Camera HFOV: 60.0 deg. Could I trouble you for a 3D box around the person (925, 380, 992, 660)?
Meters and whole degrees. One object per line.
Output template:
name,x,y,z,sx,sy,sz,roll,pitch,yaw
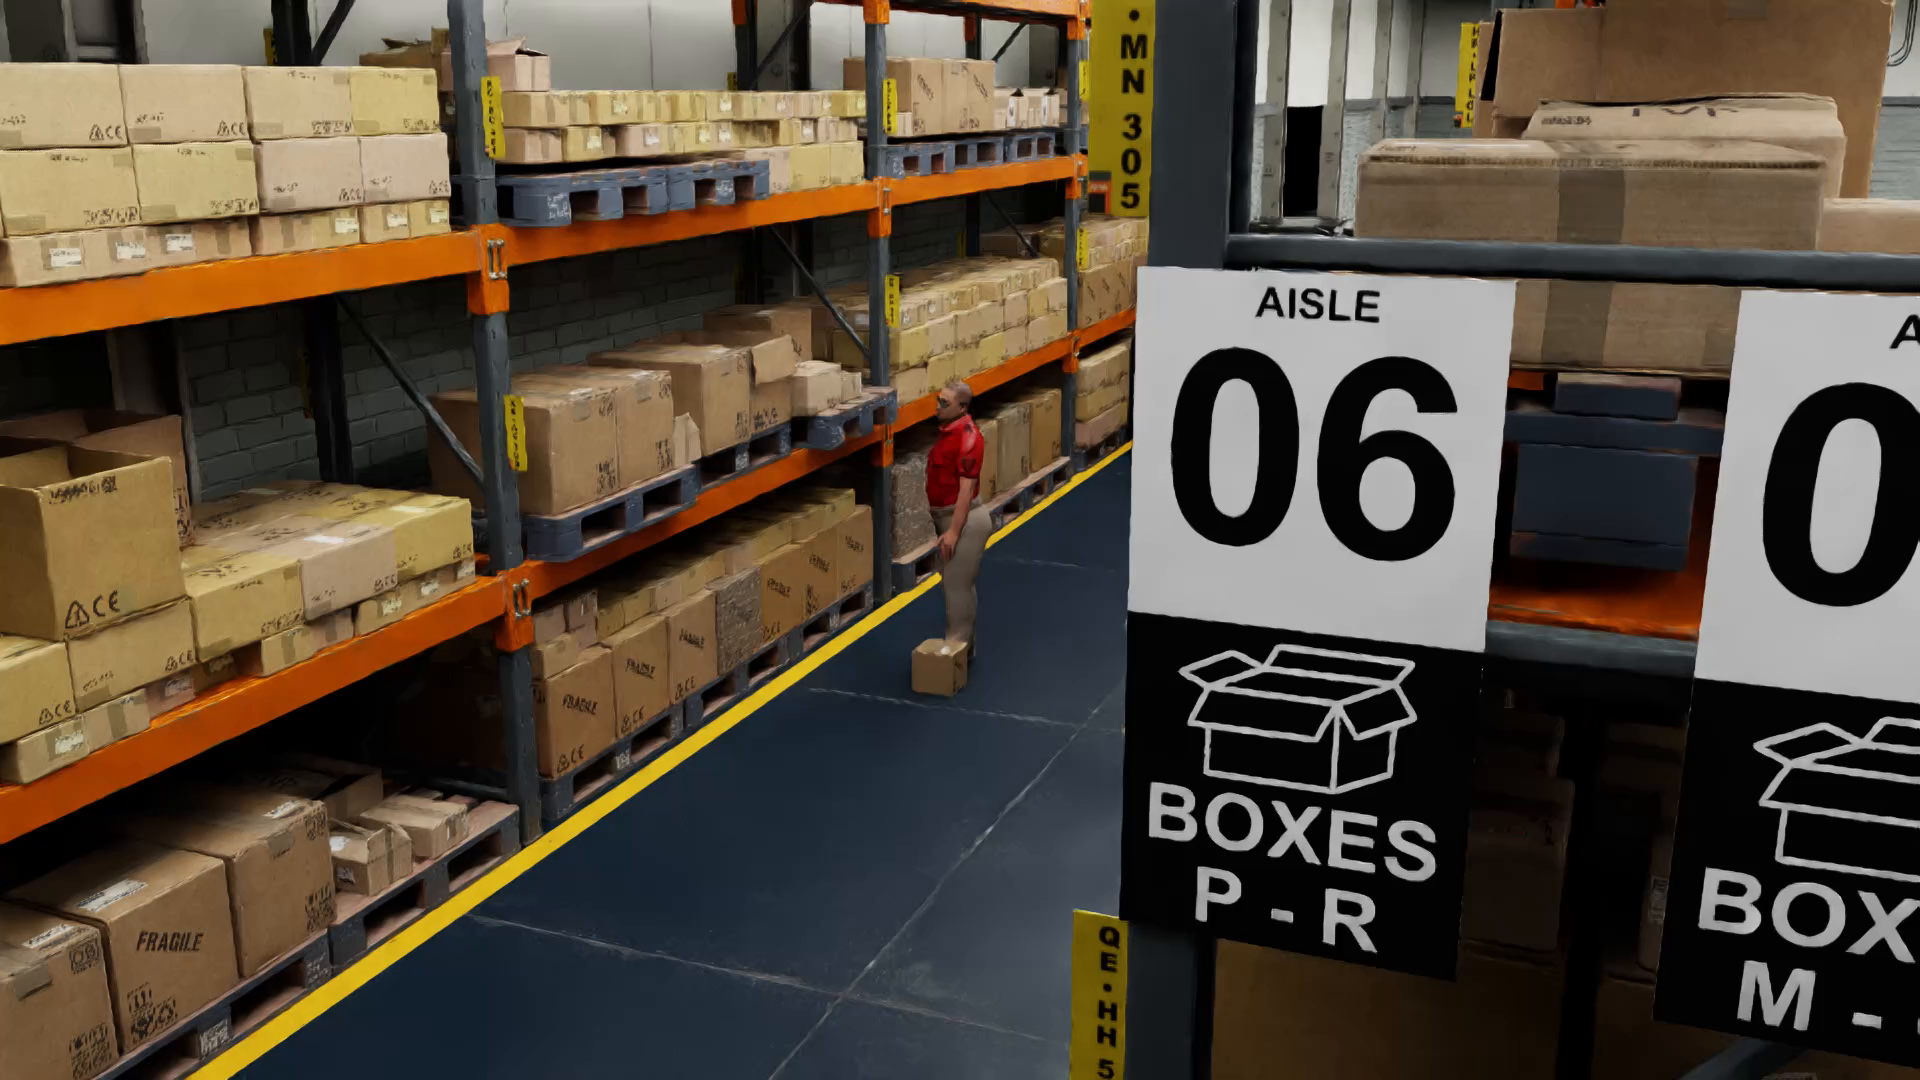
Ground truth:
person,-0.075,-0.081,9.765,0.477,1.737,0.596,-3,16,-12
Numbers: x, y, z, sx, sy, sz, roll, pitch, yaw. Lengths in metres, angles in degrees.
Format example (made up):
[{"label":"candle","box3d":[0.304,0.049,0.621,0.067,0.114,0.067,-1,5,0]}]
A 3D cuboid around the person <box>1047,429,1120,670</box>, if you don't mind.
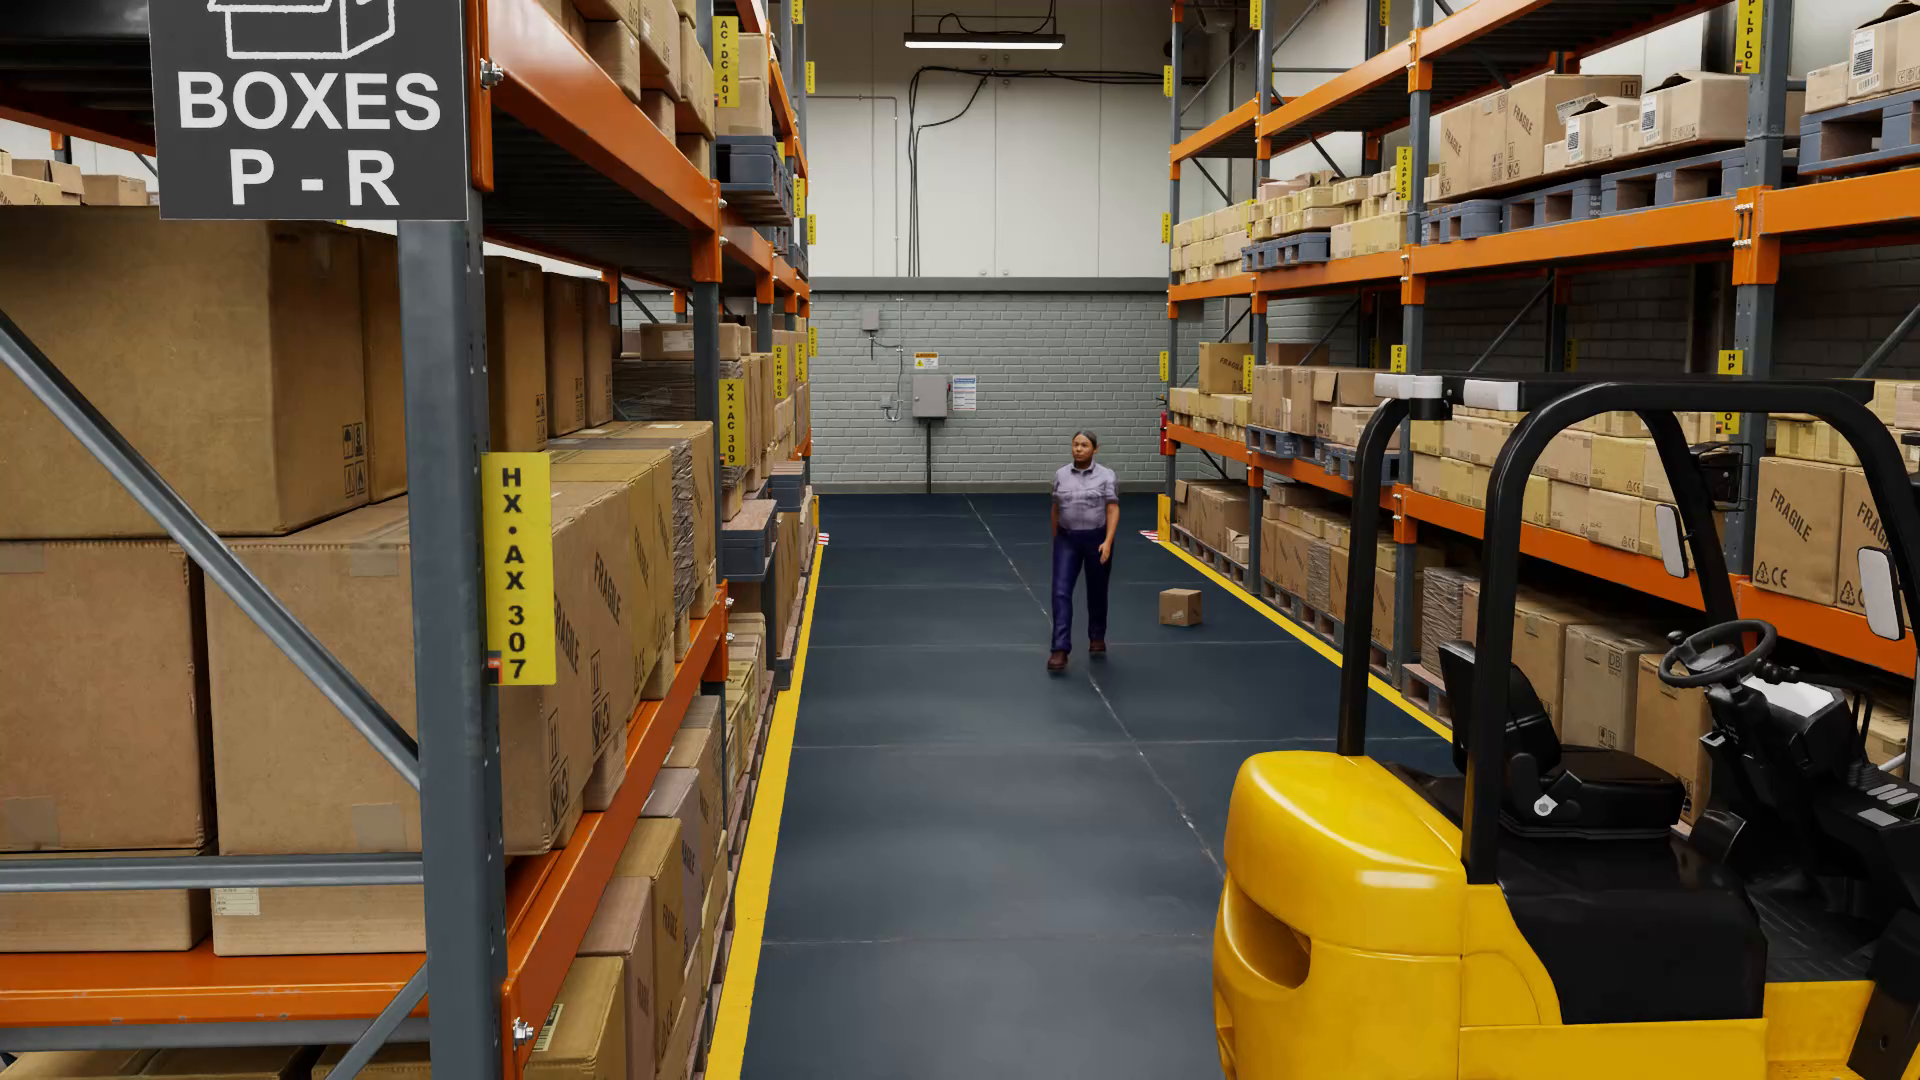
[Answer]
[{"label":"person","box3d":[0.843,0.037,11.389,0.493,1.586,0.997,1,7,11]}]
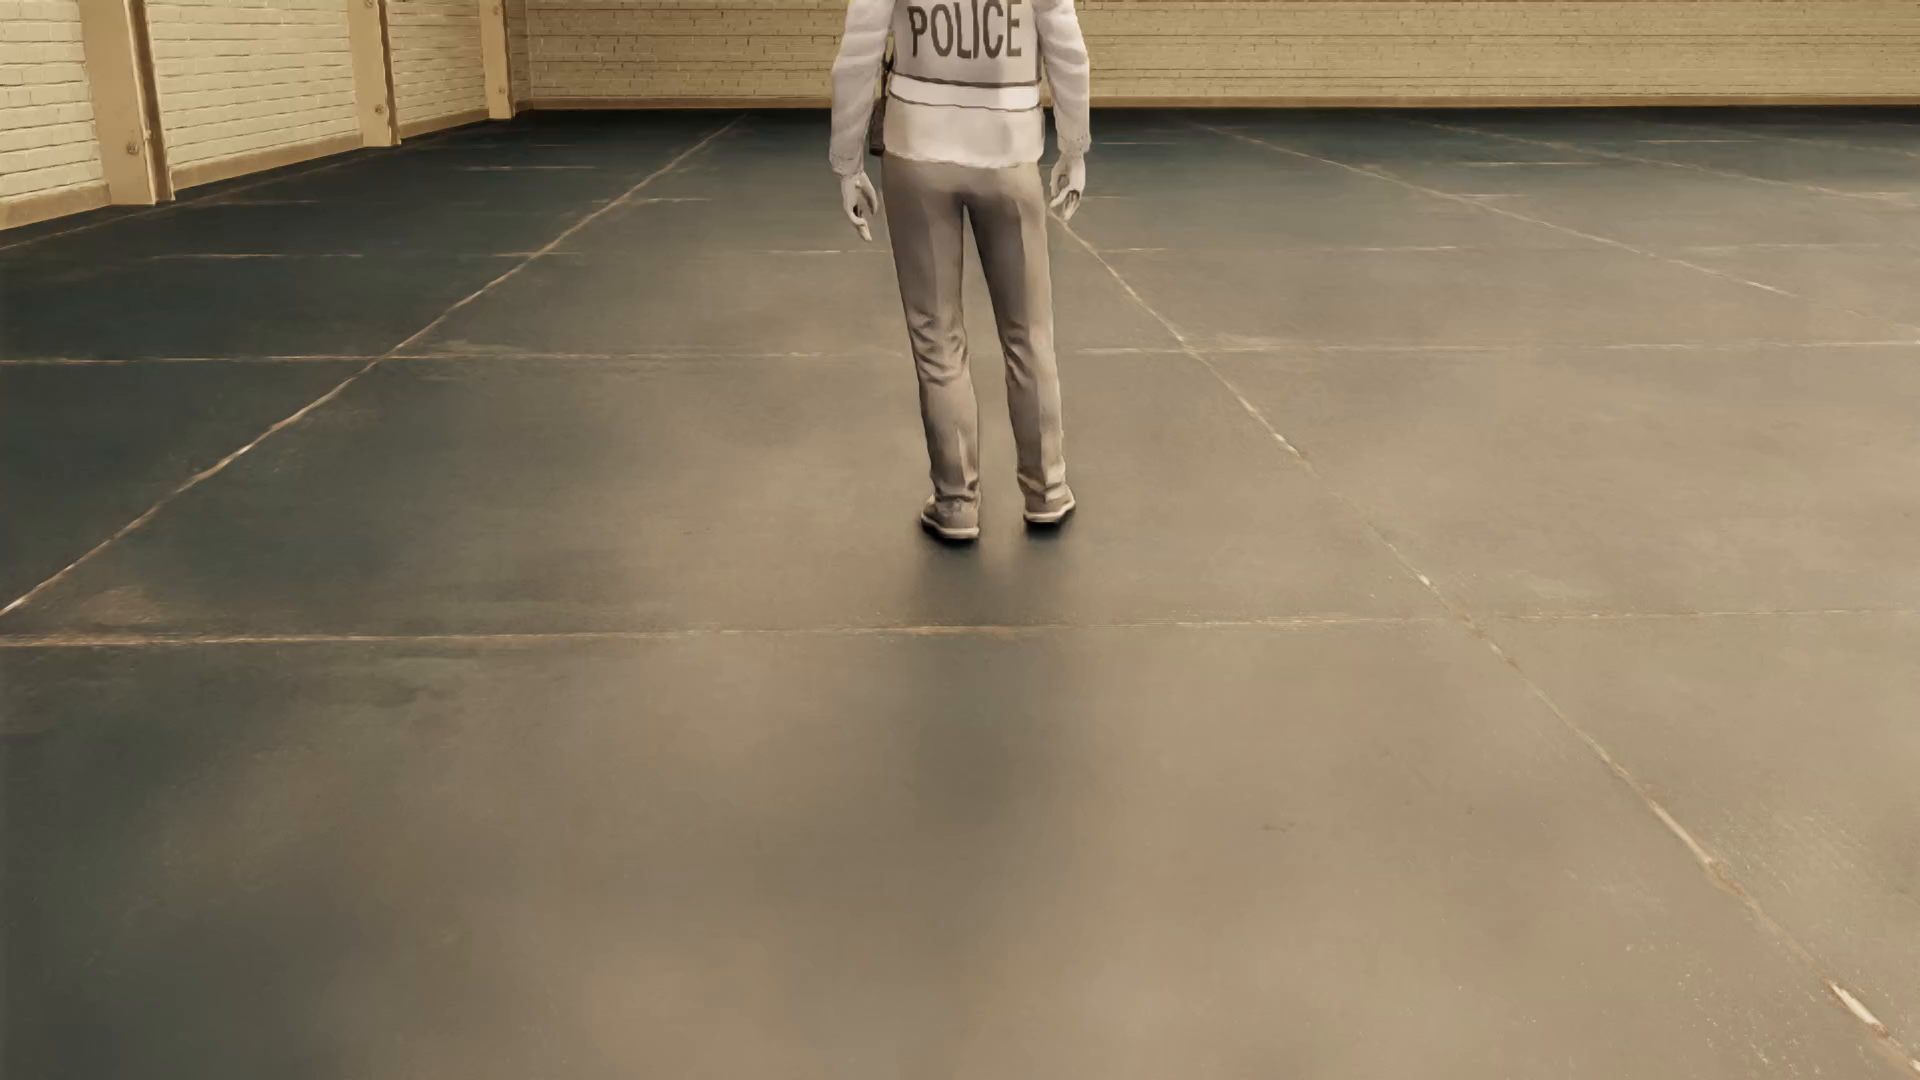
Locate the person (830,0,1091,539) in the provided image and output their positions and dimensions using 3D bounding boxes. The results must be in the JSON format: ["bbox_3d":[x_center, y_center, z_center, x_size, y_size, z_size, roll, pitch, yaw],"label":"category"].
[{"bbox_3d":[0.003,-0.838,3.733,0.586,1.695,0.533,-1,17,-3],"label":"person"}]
#####
- **Task item**: Scan the records for the string "degrees" and report each line where it occurs.

- **Solution**:
Meters and whole degrees. One object per line.
Numbers: x, y, z, sx, sy, sz, roll, pitch, yaw. Lengths in metres, angles in degrees.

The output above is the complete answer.